Swedish author and activist Astrid Lindgren was born in 1907, and is most famous for Pippi Longstocking. She’s the eighteenth most translated author in the world and was a staunch and public political activist for children, animal and human rights, racism, environmentalism and world peace, all while often taking on the establishment. She penned the daring yet compassionate anarchist Pippi Longstocking; the personality with the red pigtails, freckles, mismated socks and an orphan who would make waves in stale middle-class suburbia. 

“There was a complete emptiness in children’s culture in Germany after the war,” Lindgren says. “When all the Nazi books and culture had been thrown away, there was a vacuum, and then Pippi came and filled it up.”  

Lindgren’s daughter, who is credited with coming up with the Pippi Longstocking name as a child while in bed, could never really identify with Pippi’s willful, independent, progressive, unconventional, anti-authoritarian, freedom lover who was ahead of her time.

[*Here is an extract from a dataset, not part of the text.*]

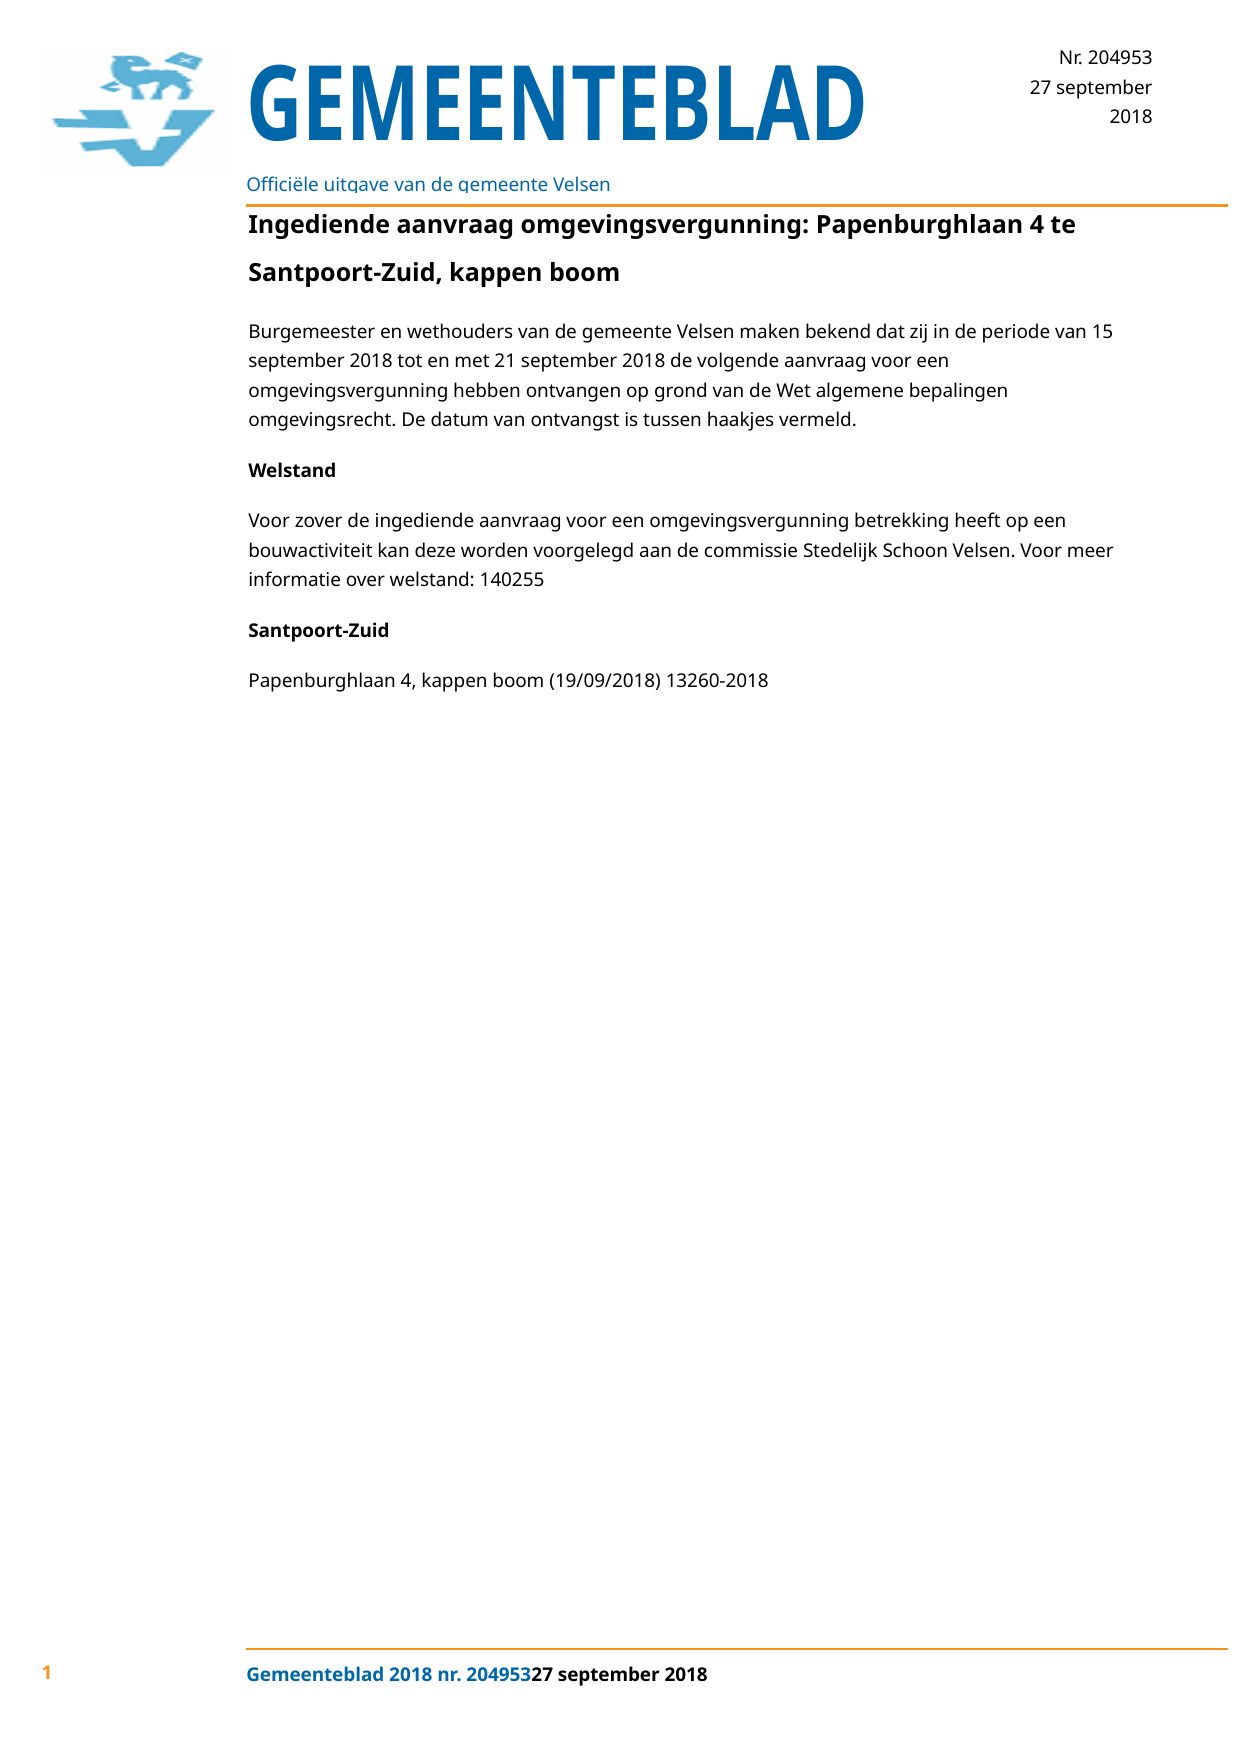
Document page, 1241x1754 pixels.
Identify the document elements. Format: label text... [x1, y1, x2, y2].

It was instead her mother, Lindgren, who mirrored Pippi Longstocking's zest. Lindgren defied times by wearing pants, jackets and sporting short blonde hair. She was an influential activist, author of 30 children’s books and businesswoman in a time when women rarely were asked what they thought. She lived during the Holocaust times and tried to make sense of it, fighting back against any and all wars through writing & fiction. In spite of depression and fear, she was still climbing trees at 70. She lived to see 94 years on earth.

Pippi Longstocking was one of my favorite childhood characters. We named our pup after her. As a kid I loved Pippi's subversive feistiness and ability to people to see differently and prove their perception of her as wrong, while turning conservative towns upside down. These kinds of figures greatly influenced who I am today.  

It wasn't until I was an adult I realized my favorite books and influences as a child were strong female characters, many of which fiery red-headed orphans like Pippi Longstocking, Anne of Green Gables and Orphan Annie, which is interesting.

Red hair was typically allocated for “misfits” or “outsiders” and attached to negative stereotypes and unfair prejudices (yes, us humans are weird and scared of anything that’s different). This is most likely why orphans were oftentimes depicted as redheads (Still are. Look at Queen's Gambit), because orphans are typically pitied outsiders, and seen as the unwanted, especially in older literature. So the one romanticized diamond-orphan-in-the-rough success story of a charmed abandoned girl (Annie, Punky Brewster, Pippi..) proving her town wrong was the basic plot for a lot of these stories. These spunky, sassy and unique characters who stood out from their more ordinary surroundings were perhaps, because, as an outsider, they had so much more to prove. 

It's funny. I'm an adoptee who ended up with red hair and similar to a lot of the characters I looked up to. Plus I created a little redheaded girl picture book. Interesting how we are influenced without realizing it. The representations we see do matter, and somehow I saw myself in these characters as a kid without fully drawing the connection that I was an orphan too.